И тогда первой, как обычно, в предбанник выскочит Приска и прижмёт её к себе, целуя в голову и приговаривая по-английски: «Снегурочка, Снегурочка пришла, как я по тебе соскучилась…» А потом выйдет неспешный длиннорукий Гвидон, по пути отчищая ладони от гипса, и тоже чмокнет в голову: «Давай, Ниццуль, давай, проходи скорей, а то холоду напустишь…» Снегурочкой она звалась у Иконниковых зимой, летом же чаще бывала Синдереллой, Золушкой. Особенно походила на смешную замарашку, когда, перемазавшись и высунув от усердия язык, сосредоточенно трудилась в мастерской, помогая Гвидону в работе.
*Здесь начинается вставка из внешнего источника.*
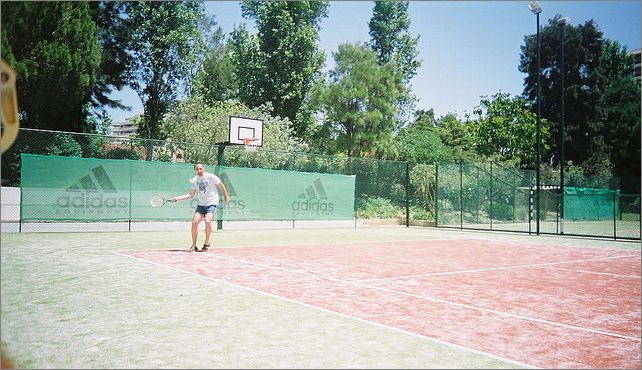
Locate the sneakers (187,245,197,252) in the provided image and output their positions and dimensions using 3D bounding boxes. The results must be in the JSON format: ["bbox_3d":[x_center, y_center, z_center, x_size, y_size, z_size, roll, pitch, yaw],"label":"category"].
[{"bbox_3d":[-4.351,2.170,15.778,0.145,0.181,0.414,5,-1,-40],"label":"sneakers"}]
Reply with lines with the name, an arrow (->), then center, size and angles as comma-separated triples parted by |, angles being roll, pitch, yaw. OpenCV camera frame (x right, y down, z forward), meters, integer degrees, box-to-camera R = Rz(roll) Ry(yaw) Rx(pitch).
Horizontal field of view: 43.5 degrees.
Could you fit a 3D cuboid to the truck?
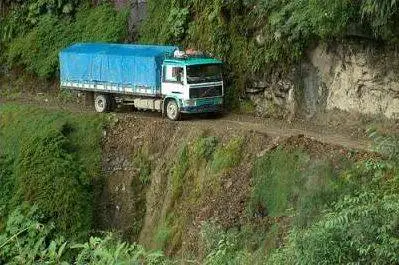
truck -> -3.553, -3.129, 30.183 | 10.103, 3.988, 2.009 | 6, 19, 29
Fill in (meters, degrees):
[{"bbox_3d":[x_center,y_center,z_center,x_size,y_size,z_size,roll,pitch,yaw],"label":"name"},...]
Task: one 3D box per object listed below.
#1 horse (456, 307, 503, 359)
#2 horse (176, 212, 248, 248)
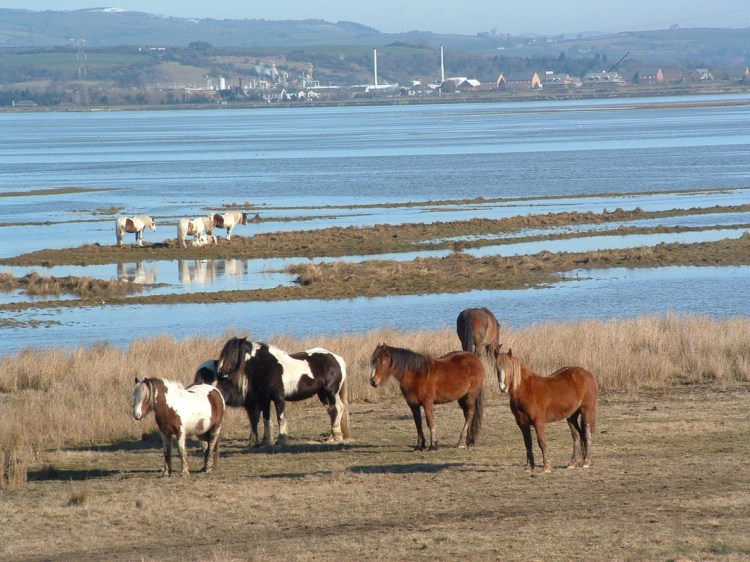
[{"bbox_3d":[11.812,6.255,195.457,3.517,6.039,3.927,-7,15,-20],"label":"horse"},{"bbox_3d":[-21.236,-6.949,225.641,8.898,3.994,4.499,-7,9,-36],"label":"horse"}]
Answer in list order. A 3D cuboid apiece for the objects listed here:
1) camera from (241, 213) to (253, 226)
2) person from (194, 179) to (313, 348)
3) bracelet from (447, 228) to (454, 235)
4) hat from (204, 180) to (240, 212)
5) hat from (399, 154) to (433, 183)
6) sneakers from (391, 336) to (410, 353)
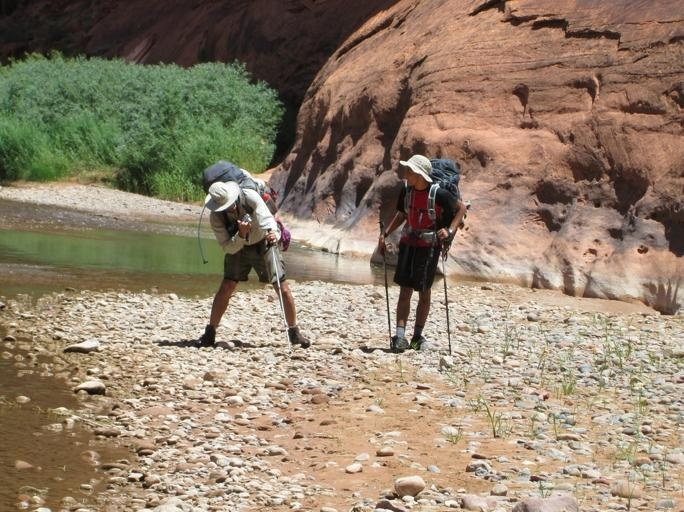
[{"bbox_3d":[-1.148,-0.449,10.651,0.092,0.042,0.132,14,31,-20],"label":"camera"},{"bbox_3d":[-1.218,0.118,10.909,1.264,1.695,0.626,4,2,-34],"label":"person"},{"bbox_3d":[1.261,-0.309,10.839,0.096,0.090,0.256,-2,-3,9],"label":"bracelet"},{"bbox_3d":[-1.421,-0.720,10.535,0.389,0.310,0.325,4,2,-2],"label":"hat"},{"bbox_3d":[0.861,-1.113,10.957,0.381,0.172,0.375,24,6,-11],"label":"hat"},{"bbox_3d":[0.673,1.114,11.092,0.251,0.195,0.162,-3,-13,9],"label":"sneakers"}]
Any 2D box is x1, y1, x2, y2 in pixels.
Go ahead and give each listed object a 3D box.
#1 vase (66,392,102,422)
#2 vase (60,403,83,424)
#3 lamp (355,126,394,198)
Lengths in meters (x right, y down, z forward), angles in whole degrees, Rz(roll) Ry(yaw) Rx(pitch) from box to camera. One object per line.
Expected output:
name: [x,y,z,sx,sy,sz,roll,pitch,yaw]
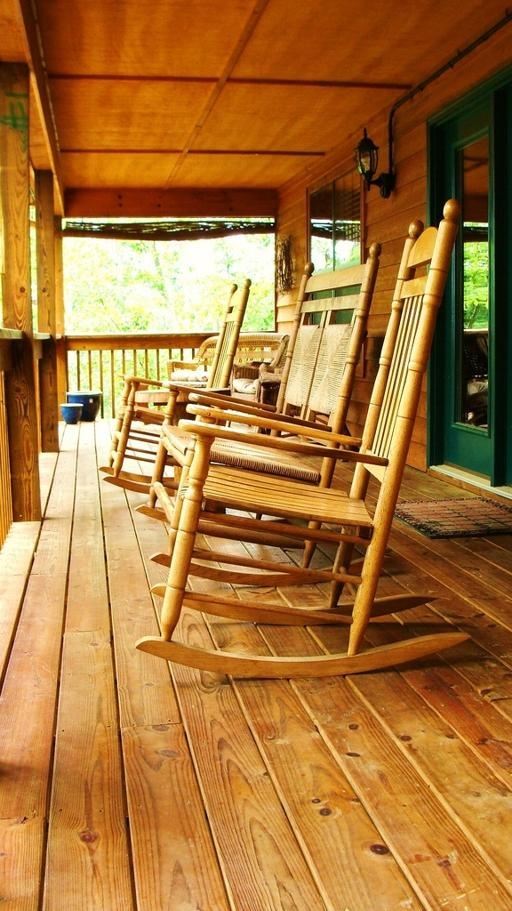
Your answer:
vase: [-2.069,-0.591,7.526,0.343,0.281,0.360,0,1,-4]
vase: [-2.168,-0.502,7.333,0.227,0.198,0.232,3,9,8]
lamp: [0.863,-2.147,4.530,0.238,0.531,0.211,7,29,25]
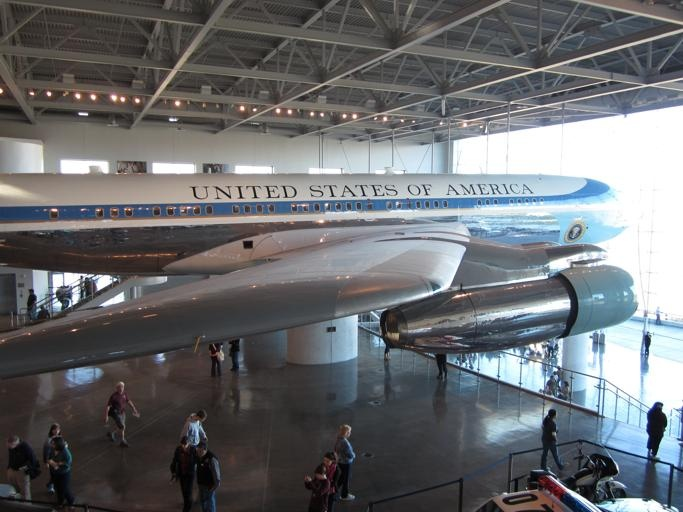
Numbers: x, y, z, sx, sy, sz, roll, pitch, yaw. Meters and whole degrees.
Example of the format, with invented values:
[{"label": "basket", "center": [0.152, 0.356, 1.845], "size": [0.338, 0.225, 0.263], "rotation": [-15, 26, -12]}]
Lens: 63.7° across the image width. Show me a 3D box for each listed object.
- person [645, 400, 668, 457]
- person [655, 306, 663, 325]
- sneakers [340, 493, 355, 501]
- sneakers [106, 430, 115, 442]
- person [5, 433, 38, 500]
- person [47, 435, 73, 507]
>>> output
[{"label": "person", "center": [7.471, 4.158, 13.110], "size": [0.409, 1.429, 1.031], "rotation": [11, 18, 29]}, {"label": "person", "center": [17.575, 3.258, 30.432], "size": [0.390, 0.850, 0.845], "rotation": [11, 17, 28]}, {"label": "sneakers", "center": [0.136, 4.996, 11.427], "size": [0.234, 0.065, 0.106], "rotation": [-2, 6, -10]}, {"label": "sneakers", "center": [-5.543, 4.304, 13.217], "size": [0.253, 0.094, 0.293], "rotation": [3, 3, -20]}, {"label": "person", "center": [-6.344, 4.262, 10.957], "size": [0.499, 1.553, 0.467], "rotation": [-11, 21, -37]}, {"label": "person", "center": [-5.641, 4.295, 11.025], "size": [0.394, 1.551, 0.452], "rotation": [-6, 18, -25]}]

Тот день стал особым. Приска коротко сказала Ницце, чтобы шла и собирала вещи, потому что она переезжает в Жижу. К ним. Жить. Насовсем. А Гвидон прямиком направился к директрисе — ставить в известность, что девочку они забирают и возвращать обратно не намерены, поскольку он, Гвидон Иконников, собирается начать процедуру удочерения. Заодно намекнул, что вопрос уже предварительно согласован с местной властью и остались лишь формальности. Клавдия Степановна поначалу вздёрнулась, решив такое самоуправство пресечь, но затем быстро сообразила, что войнушку не выиграет, а лишь навлечёт на себя излишние неприятности. Да и на самом деле, подумала, каким же образом сумеет она отстоять эту непокорную детдомовку, когда есть реальный кандидат в приёмные родители, да ещё из столицы, да ещё такой непростой и известный человек. Хоть и подлый, как выяснилось. Да никаким! Внутри, конечно, ковырнуло — повезло «гадючке», «зассыхе» этой «лагерной», своевольнице чёртовой. И тогда подфартило, с памятником, и теперь счастье улыбнулось, со скульпторами с этими. Да ещё бумага по реабилитации материной подоспела: в январе пришло уведомление, с номерами постановлений и ссылок всяких. Так что вопрос усугубится ещё и по вновь открывшимся обстоятельствам. Короче, раздражение похоронила, не дала волю эмоциям, сказала, пусть вещи складывает и забирайте. А мне — все бумаги по готовности. А про себя подумала: «Да пропади все они пропадом, сволочи столичные, скульптора проклятые!»
Удочерение, как они и рассчитывали, вышло недолгим и необременительным. Как и смена фамилии. Правда, официально удочерить Ниццу оказалось возможно только Гвидону, поскольку Присцилла юридически продолжала оставаться иностранкой. Впрочем, формальности были неважны. В тот день Ницца прыгала от счастья, потому что всё в её новой жизни совпало: день рождения, новая шубка и новый папа Гвидон с мамой-сестрой Приской. С того самого дня Иконников стал именоваться папой. Приска в силу возрастной близости к дочке так и осталась Приской. Или Присой. Или Присонькой. Или Присулей, в зависимости от настроения. И Триша — Тришей. А их папа Джон — дядей Джоном, что, как решила Ницца, равносильно хоть и неродному, но дедушке. Оба варианта Ниццу устраивали, оба были по-своему хороши и приятны, а потому очень даже приемлемы.